Regulatory toxicology seeks to ensure that exposures to chemicals encountered in the environment, in the workplace, or in products pose no significant hazards and produce no harm to humans or other organisms, i.e., that chemicals are used safely. The most practical and direct means of ensuring that hazards and harms are avoided is to identify the doses and conditions under which chemical toxicity does not occur so that chemical concentrations and exposures can be appropriately limited. Modern advancements in pharmacology and toxicology have revealed that the rates and mechanisms by which organisms absorb, distribute, metabolize and eliminate chemicals—i.e., the field of kinetics—often determine the doses and conditions under which hazard, and harm, are absent, i.e., the safe dose range.
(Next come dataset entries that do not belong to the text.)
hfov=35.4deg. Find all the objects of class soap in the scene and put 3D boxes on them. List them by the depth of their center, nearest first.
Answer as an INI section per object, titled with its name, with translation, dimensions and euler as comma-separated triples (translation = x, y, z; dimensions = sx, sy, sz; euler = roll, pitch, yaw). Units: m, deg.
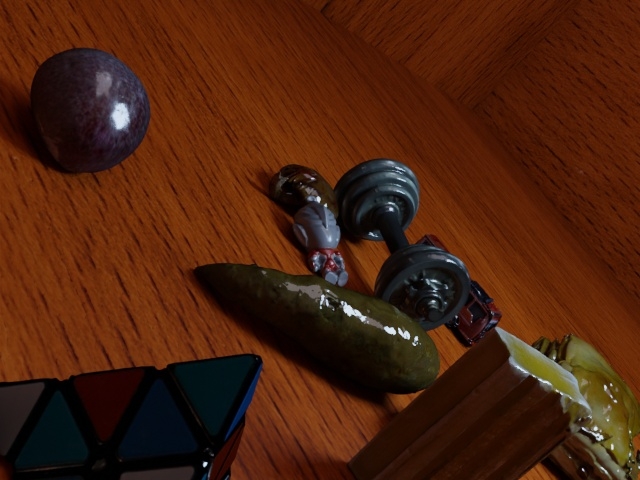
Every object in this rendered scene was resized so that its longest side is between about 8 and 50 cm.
[soap]
translation = 0.185, 0.248, 1.258
dimensions = 0.173, 0.274, 0.089
euler = 32, 23, -30

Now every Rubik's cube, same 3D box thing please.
[Rubik's cube]
translation = -0.120, 0.207, 0.930
dimensions = 0.284, 0.250, 0.234
euler = 50, 0, 31

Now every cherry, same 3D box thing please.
[cherry]
translation = -0.313, -0.178, 1.353
dimensions = 0.176, 0.140, 0.176
euler = 47, 25, -30

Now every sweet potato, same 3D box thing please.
[sweet potato]
translation = 0.020, 0.123, 1.435
dimensions = 0.423, 0.130, 0.130
euler = 26, 25, -28

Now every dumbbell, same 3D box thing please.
[dumbbell]
translation = 0.140, 0.004, 1.821
dimensions = 0.179, 0.179, 0.406
euler = 30, 23, -34

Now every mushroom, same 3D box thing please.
[mushroom]
translation = -0.030, -0.089, 1.827
dimensions = 0.135, 0.080, 0.170
euler = 45, 13, 36

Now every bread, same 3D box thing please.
[bread]
translation = 0.491, 0.314, 1.895
dimensions = 0.277, 0.167, 0.324
euler = 43, 18, -2

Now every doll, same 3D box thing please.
[doll]
translation = 0.000, 0.000, 1.719
dimensions = 0.094, 0.079, 0.180
euler = 1, 55, -29

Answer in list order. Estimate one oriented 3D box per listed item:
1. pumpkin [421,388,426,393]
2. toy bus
[pumpkin]
translation = 0.222, 0.280, 1.457
dimensions = 0.194, 0.150, 0.194
euler = 46, 9, -9
[toy bus]
translation = 0.260, 0.098, 1.993
dimensions = 0.235, 0.096, 0.073
euler = 51, 23, 22
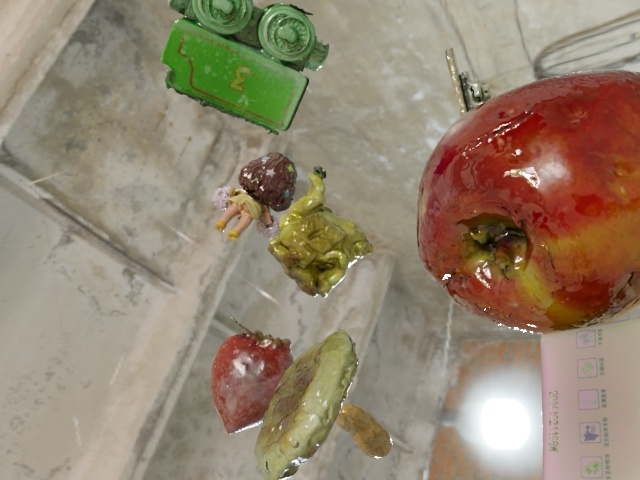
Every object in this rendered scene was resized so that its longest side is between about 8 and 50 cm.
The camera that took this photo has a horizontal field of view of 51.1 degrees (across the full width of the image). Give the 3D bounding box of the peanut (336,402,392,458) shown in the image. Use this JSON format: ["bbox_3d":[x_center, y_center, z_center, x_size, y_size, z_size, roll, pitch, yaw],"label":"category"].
[{"bbox_3d":[0.096,0.426,1.502,0.174,0.080,0.080,47,-134,-16],"label":"peanut"}]

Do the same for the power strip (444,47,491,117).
[{"bbox_3d":[0.284,-0.240,1.219,0.213,0.065,0.198,7,-110,-75],"label":"power strip"}]

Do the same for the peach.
[{"bbox_3d":[0.343,-0.054,0.906,0.417,0.353,0.339,-26,-81,-41],"label":"peach"}]

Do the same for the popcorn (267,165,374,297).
[{"bbox_3d":[-0.007,0.006,1.771,0.237,0.293,0.293,-37,-64,-20],"label":"popcorn"}]

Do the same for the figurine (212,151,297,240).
[{"bbox_3d":[-0.145,-0.097,1.508,0.175,0.116,0.240,37,-109,1],"label":"figurine"}]

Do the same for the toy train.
[{"bbox_3d":[-0.118,-0.280,0.989,0.243,0.132,0.188,22,-77,-18],"label":"toy train"}]

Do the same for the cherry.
[{"bbox_3d":[-0.164,0.325,1.542,0.192,0.175,0.249,22,-114,-7],"label":"cherry"}]

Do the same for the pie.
[{"bbox_3d":[-0.030,0.278,1.159,0.071,0.306,0.306,30,-126,-11],"label":"pie"}]

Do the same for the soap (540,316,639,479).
[{"bbox_3d":[0.344,0.213,0.756,0.182,0.138,0.199,35,-127,-37],"label":"soap"}]
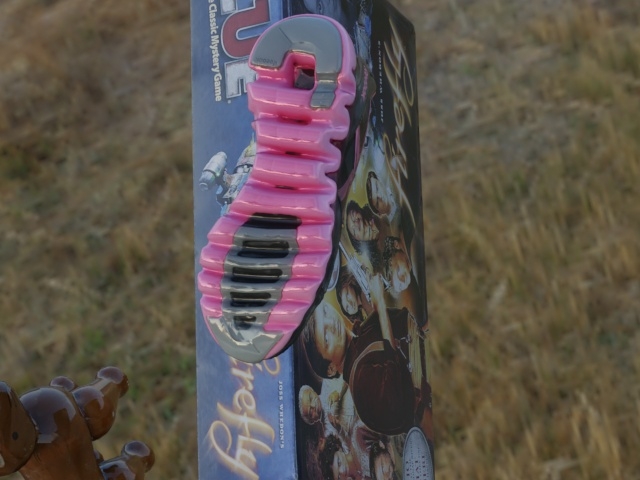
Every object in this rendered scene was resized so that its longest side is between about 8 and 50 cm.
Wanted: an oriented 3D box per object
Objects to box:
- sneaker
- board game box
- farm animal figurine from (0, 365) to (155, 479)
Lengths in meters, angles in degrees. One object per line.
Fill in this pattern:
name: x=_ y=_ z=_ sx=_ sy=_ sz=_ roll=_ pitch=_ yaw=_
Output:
sneaker: x=-0.005 y=-0.015 z=0.560 sx=0.047 sy=0.057 sz=0.119 roll=14 pitch=87 yaw=21
board game box: x=0.000 y=0.000 z=0.685 sx=0.042 sy=0.165 sz=0.243 roll=-7 pitch=76 yaw=21
farm animal figurine: x=-0.273 y=0.149 z=0.856 sx=0.330 sy=0.327 sz=0.172 roll=18 pitch=30 yaw=11
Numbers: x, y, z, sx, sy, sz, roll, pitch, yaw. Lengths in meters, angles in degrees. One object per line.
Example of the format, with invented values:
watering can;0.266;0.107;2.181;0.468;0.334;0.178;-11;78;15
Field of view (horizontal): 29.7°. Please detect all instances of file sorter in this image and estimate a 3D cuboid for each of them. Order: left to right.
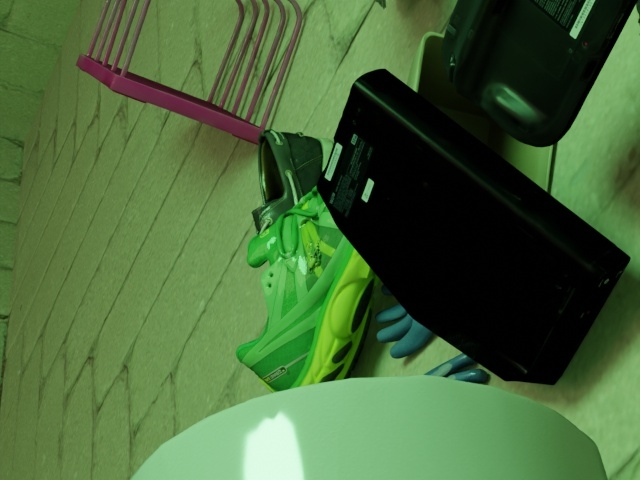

Since kinetics, like chemical hazard and toxicity, are extensive properties that depend on the amount of the chemical encountered, it is possible to identify the maximum dose under which organisms can efficiently metabolize and eliminate the chemicals to which they are exposed, a dose that has been referred to as the kinetic maximum dose, or KMD. This review explains the rationale that compels regulatory toxicology to embrace the advancements made possible by kinetics, why understanding the kinetic relationship between the blood level produced and the administered dose of a chemical is essential for identifying the safe dose range, and why dose-setting in regulatory toxicology studies should be informed by estimates of the KMD rather than rely on the flawed concept of maximum-tolerated toxic dose, or MTD.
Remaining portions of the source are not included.